I’ve marveled over this: whereas non-sports-fans think we choose our teams, in reality we are chosen. In many cases we are born into the elect, because we cheer for the team we happen to live near, or the team associated with the college we happened to attend. But in my case it isn’t even that. I have no idea why I like the A’s better than the Giants. I actually admire the Giants, I follow them and would be happy to switch to their side. But I can’t make myself do that. Not even close. When the A’s win I am happy. When the Giants win…. Eh?

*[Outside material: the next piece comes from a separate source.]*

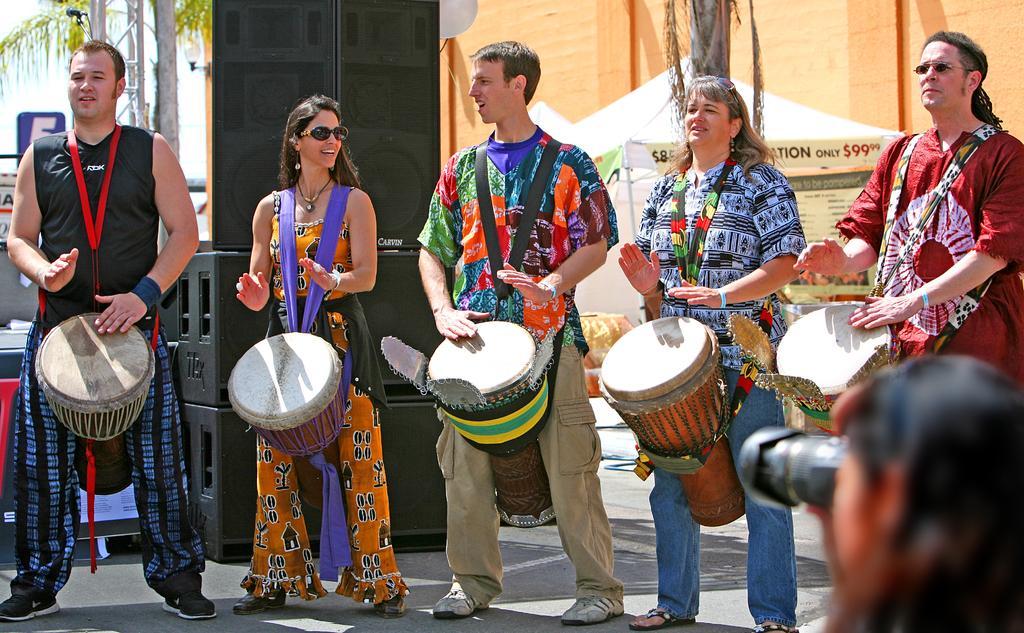Can you describe this image briefly? It is a an event there are group of people playing the drums there are three men and two women among them,in the background there are big speakers there is also a tent that are live counters and also some trees and sky.

On whose triumphs these are: “One thing I know for sure about being a fan is this: it is not a vicarious pleasure…. When there is some kind of triumph, the pleasure does not radiate from the players outwards until it reaches the likes of us at the back of terraces in a pale and diminished form; our fun is not a watery version of the team’s fun, even though they are the ones that get to score the goals and climb the steps at Wembley to meet Princess Diana. The joy we feel on occasions like this is not a celebration of others’ good fortune, but a celebration of our own; and when there is a disastrous defeat the sorrow that engulfs us is, in effect, self-pity…. The Wembley win belonged to me every bit as much as it belonged to [the players], and I worked every bit as hard for it as they did. The only difference between me and them is that I have put in more hours, more years, more decades than them, and so had a better understanding of the afternoon, a sweeter appreciation of why the sun still shines when I remember it.” [187]

It is a remarkable human attribute, that we can live our lives through other people, even (especially?) people we don’t know. And we work at it. It is such an emotionally engrossing passion, it leaves us drained. It satisfies us, and leads us to hope, and makes us dream. It also distracts us from life and relationships, it regularly makes us grumpy, and it costs us money. For real sports fans this is not entertainment, as the word is conventionally understood—it is not relaxing, fun, diversionary. Rather it is almost too serious to allow breath to anything else. We care, so much that it hurts. How do you make sense of this?